WORK INSTRUCTION: Find each line of the material below in which the word "Very" occurs, and return it.

AVAILABLE RECORDS:
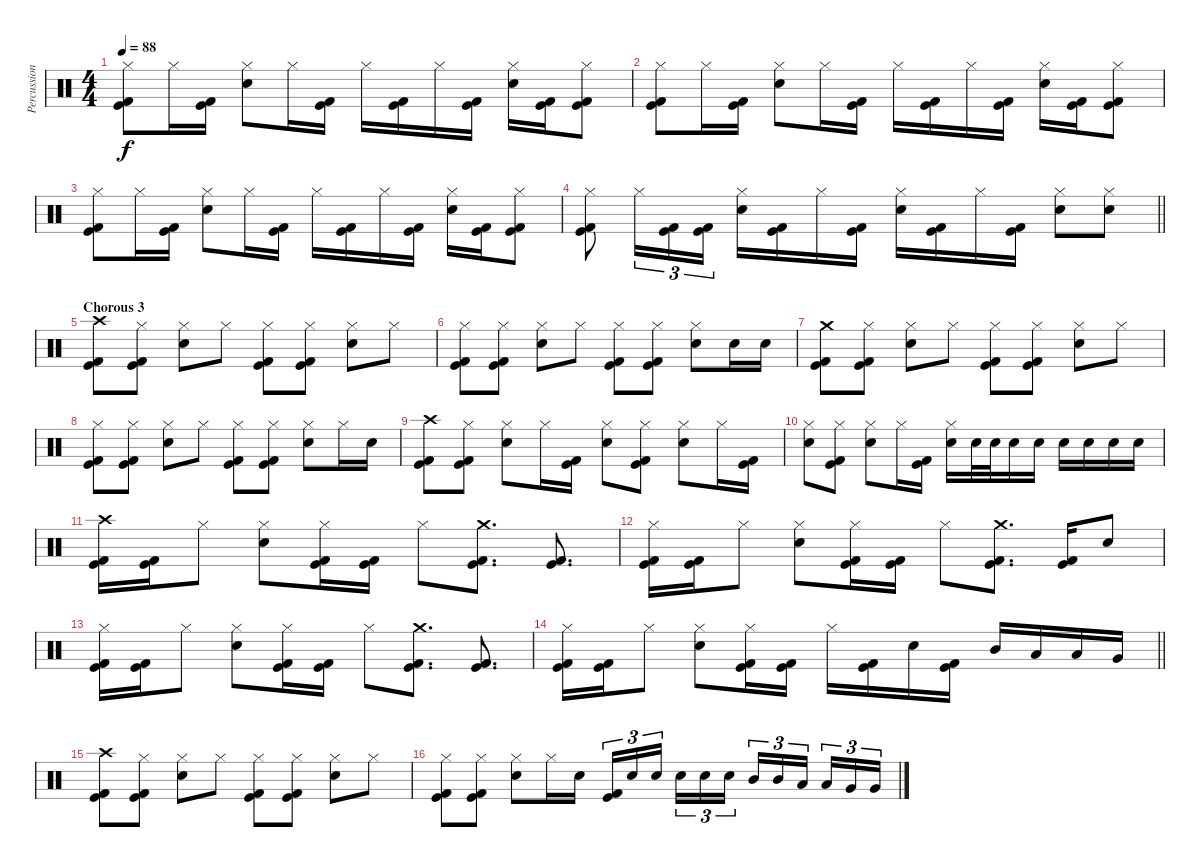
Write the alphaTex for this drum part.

\track ("Percussion" "Percussion") {instrument percussion}
\staff {score}
\articulation defaults
\ts (4 4)
\tempo 88
\clef neutral
\ks c
("Hi-Hat (closed)" "Kick (hit)" "Kick (hit) 2").8{dy f} "Hi-Hat (closed)".16 ("Kick (hit)" "Kick (hit) 2").16 ("Hi-Hat (closed)" "Electric Snare (hit)").8 "Hi-Hat (closed)".16 ("Kick (hit)" "Kick (hit) 2").16 "Hi-Hat (closed)".16 ("Kick (hit)" "Kick (hit) 2").16 "Hi-Hat (closed)".16 ("Kick (hit)" "Kick (hit) 2").16 ("Hi-Hat (closed)" "Electric Snare (hit)").16 ("Kick (hit)" "Kick (hit) 2").16 ("Hi-Hat (closed)" "Kick (hit)" "Kick (hit) 2").8 |
("Hi-Hat (closed)" "Kick (hit)" "Kick (hit) 2").8 "Hi-Hat (closed)".16 ("Kick (hit)" "Kick (hit) 2").16 ("Hi-Hat (closed)" "Electric Snare (hit)").8 "Hi-Hat (closed)".16 ("Kick (hit)" "Kick (hit) 2").16 "Hi-Hat (closed)".16 ("Kick (hit)" "Kick (hit) 2").16 "Hi-Hat (closed)".16 ("Kick (hit)" "Kick (hit) 2").16 ("Hi-Hat (closed)" "Electric Snare (hit)").16 ("Kick (hit)" "Kick (hit) 2").16 ("Hi-Hat (closed)" "Kick (hit)" "Kick (hit) 2").8 |
("Hi-Hat (closed)" "Kick (hit)" "Kick (hit) 2").8 "Hi-Hat (closed)".16 ("Kick (hit)" "Kick (hit) 2").16 ("Hi-Hat (closed)" "Electric Snare (hit)").8 "Hi-Hat (closed)".16 ("Kick (hit)" "Kick (hit) 2").16 "Hi-Hat (closed)".16 ("Kick (hit)" "Kick (hit) 2").16 "Hi-Hat (closed)".16 ("Kick (hit)" "Kick (hit) 2").16 ("Hi-Hat (closed)" "Electric Snare (hit)").16 ("Kick (hit)" "Kick (hit) 2").16 ("Hi-Hat (closed)" "Kick (hit)" "Kick (hit) 2").8 |
\barLineRight lightlight
("Hi-Hat (closed)" "Kick (hit)" "Kick (hit) 2").8 "Hi-Hat (closed)".16{tu (3 2)} ("Kick (hit)" "Kick (hit) 2").16{tu (3 2)} ("Kick (hit)" "Kick (hit) 2").16{tu (3 2)} ("Hi-Hat (closed)" "Electric Snare (hit)").16 ("Kick (hit)" "Kick (hit) 2").16 "Hi-Hat (closed)".16 ("Kick (hit)" "Kick (hit) 2").16 ("Hi-Hat (closed)" "Electric Snare (hit)").16 ("Kick (hit)" "Kick (hit) 2").16 "Hi-Hat (closed)".16 ("Kick (hit)" "Kick (hit) 2").16 ("Hi-Hat (closed)" "Electric Snare (hit)").8 ("Hi-Hat (closed)" "Electric Snare (hit)").8 |
\section ("" "Chorous 3")
("Crash high (hit)" "Kick (hit)" "Kick (hit) 2").8 ("Hi-Hat (closed)" "Kick (hit)" "Kick (hit) 2").8 ("Hi-Hat (closed)" "Electric Snare (hit)").8 "Hi-Hat (closed)".8 ("Hi-Hat (closed)" "Kick (hit)" "Kick (hit) 2").8 ("Hi-Hat (closed)" "Kick (hit)" "Kick (hit) 2").8 ("Hi-Hat (closed)" "Electric Snare (hit)").8 "Hi-Hat (closed)".8 |
("Hi-Hat (closed)" "Kick (hit)" "Kick (hit) 2").8 ("Hi-Hat (closed)" "Kick (hit)" "Kick (hit) 2").8 ("Hi-Hat (closed)" "Electric Snare (hit)").8 "Hi-Hat (closed)".8 ("Hi-Hat (closed)" "Kick (hit)" "Kick (hit) 2").8 ("Hi-Hat (closed)" "Kick (hit)" "Kick (hit) 2").8 ("Hi-Hat (closed)" "Electric Snare (hit)").8 "Electric Snare (hit)".16 "Electric Snare (hit)".16 |
("Crash medium (hit)" "Kick (hit)" "Kick (hit) 2").8 ("Hi-Hat (closed)" "Kick (hit)" "Kick (hit) 2").8 ("Hi-Hat (closed)" "Electric Snare (hit)").8 "Hi-Hat (closed)".8 ("Hi-Hat (closed)" "Kick (hit)" "Kick (hit) 2").8 ("Hi-Hat (closed)" "Kick (hit)" "Kick (hit) 2").8 ("Hi-Hat (closed)" "Electric Snare (hit)").8 "Hi-Hat (closed)".8 |
("Hi-Hat (closed)" "Kick (hit)" "Kick (hit) 2").8 ("Hi-Hat (closed)" "Kick (hit)" "Kick (hit) 2").8 ("Hi-Hat (closed)" "Electric Snare (hit)").8 "Hi-Hat (closed)".8 ("Hi-Hat (closed)" "Kick (hit)" "Kick (hit) 2").8 ("Hi-Hat (closed)" "Kick (hit)" "Kick (hit) 2").8 ("Hi-Hat (closed)" "Electric Snare (hit)").8 "Hi-Hat (closed)".16 "Electric Snare (hit)".16 |
("Crash high (hit)" "Kick (hit)" "Kick (hit) 2").8 ("Hi-Hat (closed)" "Kick (hit)" "Kick (hit) 2").8 ("Hi-Hat (closed)" "Electric Snare (hit)").8 "Hi-Hat (closed)".16 ("Kick (hit)" "Kick (hit) 2").16 ("Hi-Hat (closed)" "Electric Snare (hit)").8 ("Hi-Hat (closed)" "Kick (hit)" "Kick (hit) 2").8 ("Hi-Hat (closed)" "Electric Snare (hit)").8 "Hi-Hat (closed)".16 ("Kick (hit)" "Kick (hit) 2").16 |
("Hi-Hat (closed)" "Electric Snare (hit)").8 ("Hi-Hat (closed)" "Kick (hit)" "Kick (hit) 2").8 ("Hi-Hat (closed)" "Electric Snare (hit)").8 "Hi-Hat (closed)".16 ("Kick (hit)" "Kick (hit) 2").16 ("Hi-Hat (closed)" "Electric Snare (hit)").16 "Electric Snare (hit)".32 "Electric Snare (hit)".32 "Electric Snare (hit)".16 "Electric Snare (hit)".16 "Electric Snare (hit)".16 "Electric Snare (hit)".16 "Electric Snare (hit)".16 "Electric Snare (hit)".16 |
("Crash high (hit)" "Kick (hit)" "Kick (hit) 2").16 ("Kick (hit)" "Kick (hit) 2").16 "Hi-Hat (closed)".8 ("Hi-Hat (closed)" "Electric Snare (hit)").8 ("Hi-Hat (closed)" "Kick (hit)" "Kick (hit) 2").16 ("Kick (hit)" "Kick (hit) 2").16 "Hi-Hat (closed)".8 ("Crash medium (hit)" "Kick (hit)" "Kick (hit) 2").8{d} ("Kick (hit)" "Kick (hit) 2").8{d} |
("Hi-Hat (closed)" "Kick (hit)" "Kick (hit) 2").16 ("Kick (hit)" "Kick (hit) 2").16 "Hi-Hat (closed)".8 ("Hi-Hat (closed)" "Electric Snare (hit)").8 ("Hi-Hat (closed)" "Kick (hit)" "Kick (hit) 2").16 ("Kick (hit)" "Kick (hit) 2").16 "Hi-Hat (closed)".8 ("Crash medium (hit)" "Kick (hit)" "Kick (hit) 2").8{d} ("Kick (hit)" "Kick (hit) 2").16 "Electric Snare (hit)".8 |
("Hi-Hat (closed)" "Kick (hit)" "Kick (hit) 2").16 ("Kick (hit)" "Kick (hit) 2").16 "Hi-Hat (closed)".8 ("Hi-Hat (closed)" "Electric Snare (hit)").8 ("Hi-Hat (closed)" "Kick (hit)" "Kick (hit) 2").16 ("Kick (hit)" "Kick (hit) 2").16 "Hi-Hat (closed)".8 ("Crash medium (hit)" "Kick (hit)" "Kick (hit) 2").8{d} ("Kick (hit)" "Kick (hit) 2").8{d} |
\barLineRight lightlight
("Hi-Hat (closed)" "Kick (hit)" "Kick (hit) 2").16 ("Kick (hit)" "Kick (hit) 2").16 "Hi-Hat (closed)".8 ("Hi-Hat (closed)" "Electric Snare (hit)").8 ("Hi-Hat (closed)" "Kick (hit)" "Kick (hit) 2").16 ("Kick (hit)" "Kick (hit) 2").16 "Hi-Hat (closed)".16 ("Kick (hit)" "Kick (hit) 2").16 "Electric Snare (hit)".16 ("Kick (hit)" "Kick (hit) 2").16 "Mid Tom (hit)".16 "Low Tom (hit)".16 "Low Tom (hit)".16 "Very Low Tom (hit)".16 |
\section ("" "")
("Crash high (hit)" "Kick (hit)" "Kick (hit) 2").8 ("Hi-Hat (closed)" "Kick (hit)" "Kick (hit) 2").8 ("Hi-Hat (closed)" "Electric Snare (hit)").8 "Hi-Hat (closed)".8 ("Hi-Hat (closed)" "Kick (hit)" "Kick (hit) 2").8 ("Hi-Hat (closed)" "Kick (hit)" "Kick (hit) 2").8 ("Hi-Hat (closed)" "Electric Snare (hit)").8 "Hi-Hat (closed)".8 |
("Hi-Hat (closed)" "Kick (hit)" "Kick (hit) 2").8 ("Hi-Hat (closed)" "Kick (hit)" "Kick (hit) 2").8 ("Hi-Hat (closed)" "Electric Snare (hit)").8 "Hi-Hat (closed)".16 "Electric Snare (hit)".16 ("Kick (hit)" "Kick (hit) 2").16{tu (3 2)} "Electric Snare (hit)".16{tu (3 2)} "Electric Snare (hit)".16{tu (3 2) beam splitsecondary} "Electric Snare (hit)".16{tu (3 2)} "Electric Snare (hit)".16{tu (3 2)} "Electric Snare (hit)".16{tu (3 2)} "Mid Tom (hit)".16{tu (3 2)} "Mid Tom (hit)".16{tu (3 2)} "Low Tom (hit)".16{tu (3 2) beam splitsecondary} "Low Tom (hit)".16{tu (3 2)} "Very Low Tom (hit)".16{tu (3 2)} "Very Low Tom (hit)".16{tu (3 2)}

SOLVED PROBLEM:
("Hi-Hat (closed)" "Kick (hit)" "Kick (hit) 2").16 ("Kick (hit)" "Kick (hit) 2").16 "Hi-Hat (closed)".8 ("Hi-Hat (closed)" "Electric Snare (hit)").8 ("Hi-Hat (closed)" "Kick (hit)" "Kick (hit) 2").16 ("Kick (hit)" "Kick (hit) 2").16 "Hi-Hat (closed)".16 ("Kick (hit)" "Kick (hit) 2").16 "Electric Snare (hit)".16 ("Kick (hit)" "Kick (hit) 2").16 "Mid Tom (hit)".16 "Low Tom (hit)".16 "Low Tom (hit)".16 "Very Low Tom (hit)".16 |
("Hi-Hat (closed)" "Kick (hit)" "Kick (hit) 2").8 ("Hi-Hat (closed)" "Kick (hit)" "Kick (hit) 2").8 ("Hi-Hat (closed)" "Electric Snare (hit)").8 "Hi-Hat (closed)".16 "Electric Snare (hit)".16 ("Kick (hit)" "Kick (hit) 2").16{tu (3 2)} "Electric Snare (hit)".16{tu (3 2)} "Electric Snare (hit)".16{tu (3 2) beam splitsecondary} "Electric Snare (hit)".16{tu (3 2)} "Electric Snare (hit)".16{tu (3 2)} "Electric Snare (hit)".16{tu (3 2)} "Mid Tom (hit)".16{tu (3 2)} "Mid Tom (hit)".16{tu (3 2)} "Low Tom (hit)".16{tu (3 2) beam splitsecondary} "Low Tom (hit)".16{tu (3 2)} "Very Low Tom (hit)".16{tu (3 2)} "Very Low Tom (hit)".16{tu (3 2)}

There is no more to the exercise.